Connect to Azure Data Explorer using Apache Spark for Azure Synapse Analytics
This article describes how to access an Azure Data Explorer database from Synapse Studio with Apache Spark for Azure Synapse Analytics.
- Create an Azure Data Explorer cluster and database.
- Have an existing Azure Synapse Analytics workspace, or create a new workspace by following the steps in Quickstart: Create an Azure Synapse workspace.
- Have an existing Apache Spark pool, or create a new pool by following the steps in Quickstart: Create an Apache Spark pool using the Azure portal.
- Create an Azure Active Directory (Azure AD) app by provisioning an Azure AD application.
- Grant your Azure AD app access to your database by following the steps in Manage Azure Data Explorer database permissions.
Go to Synapse Studio
From an Azure Synapse workspace, select Launch Synapse Studio. On the Synapse Studio home page, select Data to go to Data Object Explorer.
Connect an Azure Data Explorer database to an Azure Synapse workspace
Connecting an Azure Data Explorer database to a workspace is done through a linked service. With an Azure Data Explorer linked service, you can browse and explore data, read, and write from Apache Spark for Azure Synapse. You can also run integration jobs in a pipeline.
From the Data Object Explorer, follow these steps to directly connect an Azure Data Explorer cluster:
Select the + icon near Data.
Select Connect to connect to external data.
Select Azure Data Explorer (Kusto).
Use a friendly name to name the linked service. The name will appear in the Data Object Explorer and is used by Azure Synapse runtimes to connect to the database.
Select the Azure Data Explorer cluster from your subscription, or enter the URI.
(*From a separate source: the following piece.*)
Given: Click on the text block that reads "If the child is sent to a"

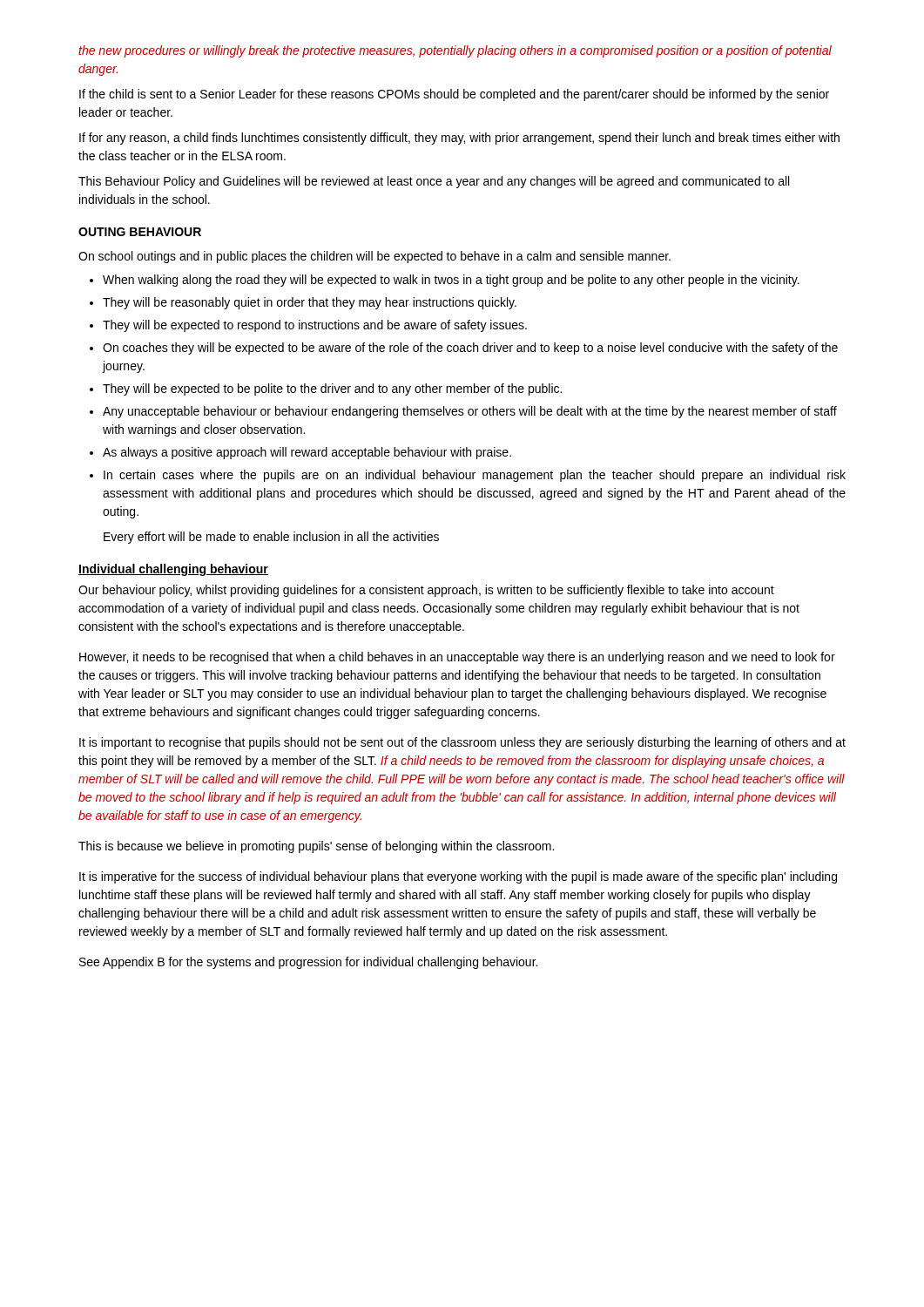Looking at the screenshot, I should point(454,103).

Enter the Service principal ID and Service principal key. Ensure this service principal has view access on the database for read operation and ingestor access for ingesting data.
Enter the Azure Data Explorer database name.
Select Test connection to ensure you have the right permissions.
(Optional) Test connection doesn't validate write access. Ensure your service principal ID has write access to the Azure Data Explorer database.
Azure Data Explorer clusters and databases appear on the Linked tab under the Azure Data Explorer section.
In the current release, the database objects are populated based on your Azure AD account permissions on the Azure Data Explorer databases. When you run the Apache Spark notebooks or integration jobs, the credential in the link service will be used (for example, service principal).
Quickly interact with code-generated actions
When you right-click a database or table, a list of sample Spark notebooks appears. Select an option to read, write, or stream data to Azure Data Explorer.
Here's an example of reading data. Attach the notebook to your Spark pool, and run the cell.
First-time execution might take more than three minutes to initiate the Spark session. Subsequent executions will be significantly faster.
The Azure Data Explorer connector is currently not supported with Azure Synapse managed virtual networks.